The primary difference between Merrill and Republican National Committee, however, is that state officials supported the plaintiffs in the later case, while Alabama state officials chose to defend their absentee ballot rules in court. “Unlike Merrill v. People First of Alabama, and other similar cases where a State defends its own law,” the Court’s order in Republican National Committee explains, “here the state election officials support the challenged decree, and no state official has expressed opposition.”

As mentioned above, Roberts’s pandemic-related opinions often focus on his belief that courts should defer to “the politically accountable officials of the States.” Indeed, less than two weeks ago, in Little v. Reclaim Idaho, Roberts faulted a lower court for failing to “accord sufficient weight to the State’s discretionary judgments about how to prioritize limited state resources across the election system as a whole” in the midst of the pandemic.

That means that Republican National Committee is likely to be a very narrow victory for voting rights. Roberts’s deference to state officials suggests he is likely to vote in favor of voting rights only in cases involving states led by people who already support voting rights. When state officials resist voting rights, Roberts is likely to defer to those officials.

Moreover, when state officials are divided on whether to alter their ordinary elections practices in order to prevent voters from being infected with Covid-19, Roberts has shown little sympathy for voting rights.

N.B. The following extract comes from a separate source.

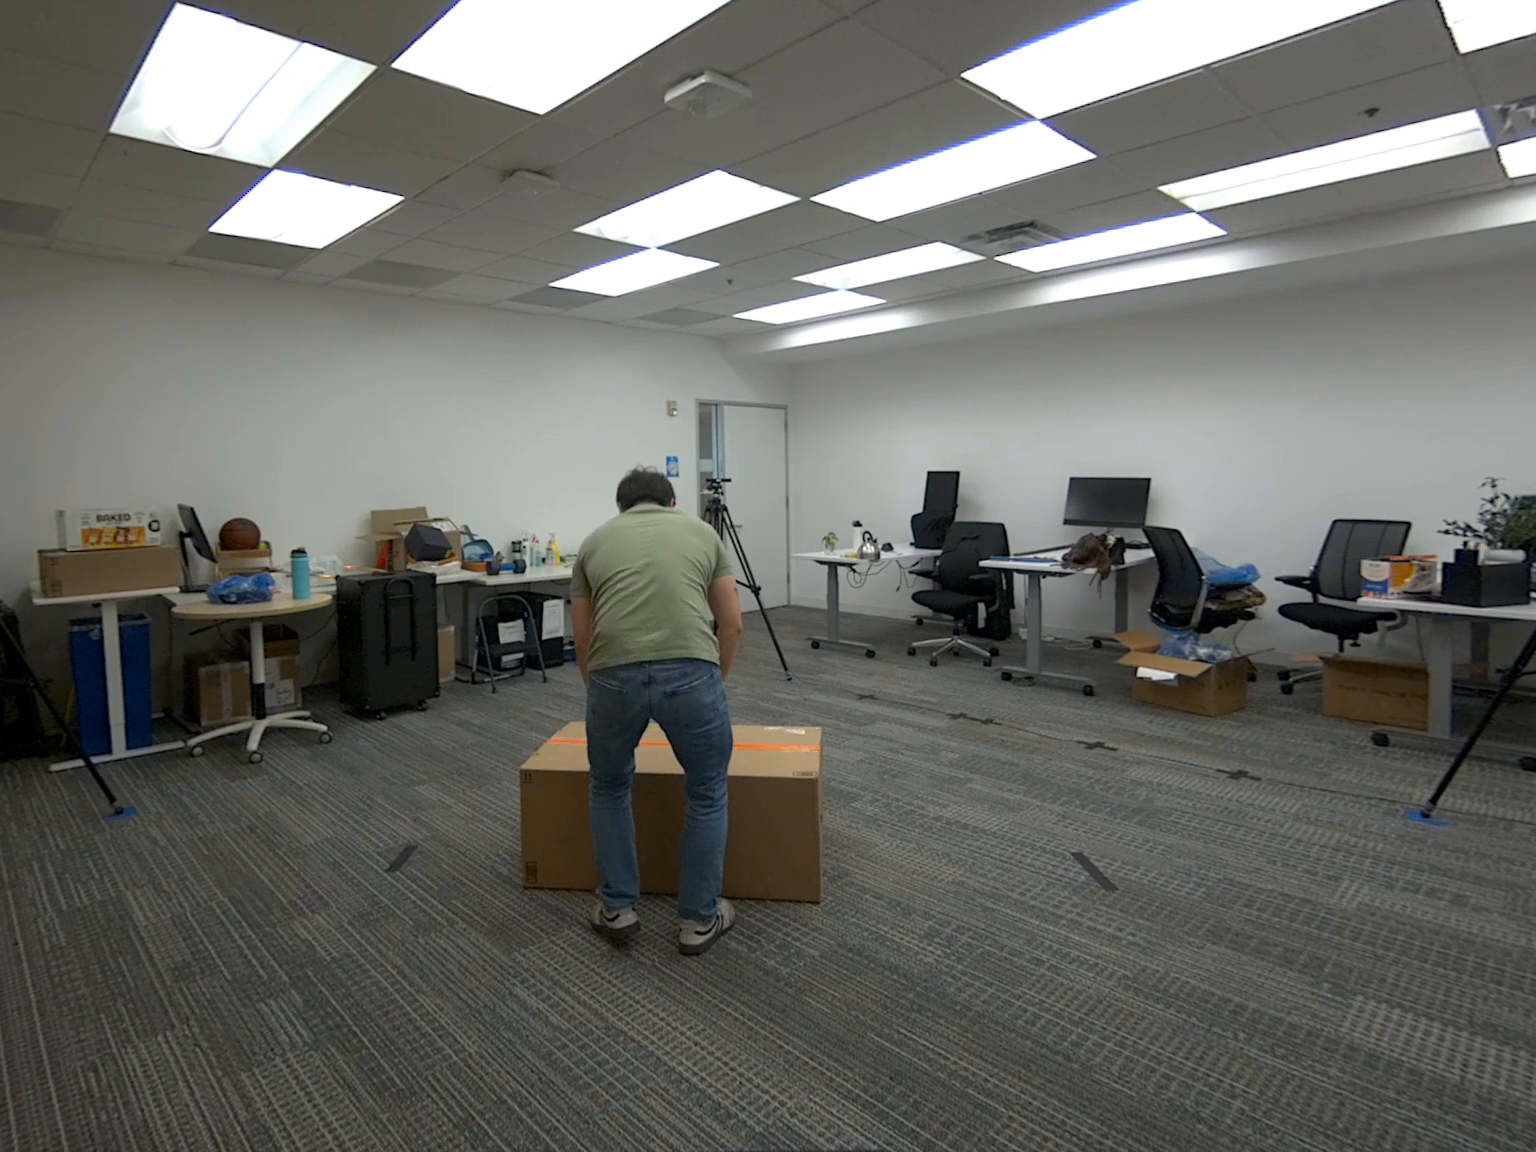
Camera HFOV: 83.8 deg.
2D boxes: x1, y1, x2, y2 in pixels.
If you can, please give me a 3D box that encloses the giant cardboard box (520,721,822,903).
[{"bbox_3d":[-0.315,0.826,3.140,1.034,0.425,0.575,0,5,7],"label":"giant cardboard box"}]

Consider, for example, Republican National Committee v. Democratic National Committee, an April case where the Supreme Court’s Republican majority effectively ordered Wisconsin to toss out many absentee ballots. Though many Wisconsin officials supported a lower court’s order that would have ensured that many of those ballots were counted, the state’s Republican-controlled legislature did not.

Roberts sided with the GOP legislature in that case.

The Rhode Island decision, in other words, suggests that the Supreme Court will not act entirely as a rubber stamp for the Republican Party when the GOP asks the Court to limit voting rights. But that decision should provide little comfort to most voting rights plaintiffs.